Sexual health update

In this new series, Dr Neil Lazaro advises on how to identify and manage STIs through presenting symptoms

Abnormal vaginal discharge


This article concerns women of reproductive years (beware vaginal discharge in the post-menopausal woman, which could indicate cancer). Some women may simply be noticing physiological discharge, so it is always important to take a careful history.

With abnormal vaginal discharge, it is estimated that:

•one-third of cases are candida

•one-third of cases are bacterial vaginosis

•one-third of cases are STIs or physiological


See table 1 on page 29 for clues to diagnosis.

•What is the consistency? Is it itchy, malodorous, cyclical?

•If it sounds physiological, reassure but

examine if necessary.

•If is sounds like candida, pragmatically, consider giving treatment straight away if you think this is the likely diagnosis, but review and examine if symptoms persist. Is it recurrent candida? Recurrent herpes? Lichen sclerosus?

•Is it bloodstained?

•Is there abdominal pain/fever/deep dyspareunia/irregular bleeding?
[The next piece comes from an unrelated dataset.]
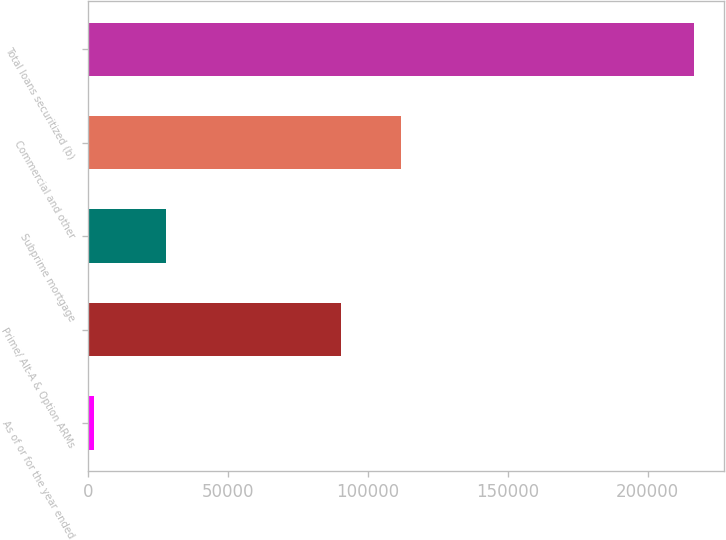<chart> <loc_0><loc_0><loc_500><loc_500><bar_chart><fcel>As of or for the year ended<fcel>Prime/ Alt-A & Option ARMs<fcel>Subprime mortgage<fcel>Commercial and other<fcel>Total loans securitized (b)<nl><fcel>2013<fcel>90381<fcel>28008<fcel>111820<fcel>216407<nl></chart> 
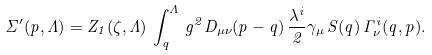<formula> <loc_0><loc_0><loc_500><loc_500>\Sigma ^ { \prime } ( p , \Lambda ) = Z _ { 1 } ( \zeta , \Lambda ) \, \int ^ { \Lambda } _ { q } \, g ^ { 2 } D _ { \mu \nu } ( p - q ) \, \frac { \lambda ^ { i } } { 2 } \gamma _ { \mu } \, S ( q ) \, \Gamma ^ { i } _ { \nu } ( q , p ) .</formula>

•Is the patient post menopausal?

•Are there other symptoms or is the diagnosis unclear?

•Is there malodour and/or is the discharge recurrent?

For recurrent malodorous discharge that has previously been diagnosed as bacterial vaginosis and is recognised by the patient as being an uncomplicated recurrence, consider simply giving prescription rather than examining. This is pragmatic management and must be assessed on an individual clinical basis.


See tables on page 29 for clues to diagnosis and the algorithm for a management plan.

•Appearance of discharge

•Evidence of cervicitis? Take endocervical swabs for chlamydia and gonorrhoea, as well as an HVS

•Retained foreign body? Remove and consider metronidazole if malodour; however, this isn't always needed once the foreign body is removed

•Do PV if abdominal pain (treat early if you suspect PID)



•Normal vaginal pH is up to 4.5 (kept acidic by friendly lactobacilli).

•It's an indicator of vaginal ecology, but is not very specific.

•It can be raised with local blood, semen and cervical secretions.

•Raised pH can give you clues about BV and TV (altered ecology).

•Raised pH can also indicate chlamydia or gonorrhoea, so if raised, check for these too (endocervical swabs, not an HVS).

•To measure vaginal pH, take a swab, rub it along the lateral wall collecting some discharge, then rub it onto pH paper.

High vaginal swabs

•High vaginal swabs (HVSs) are much used by GPs – but there is poor evidence of their being useful.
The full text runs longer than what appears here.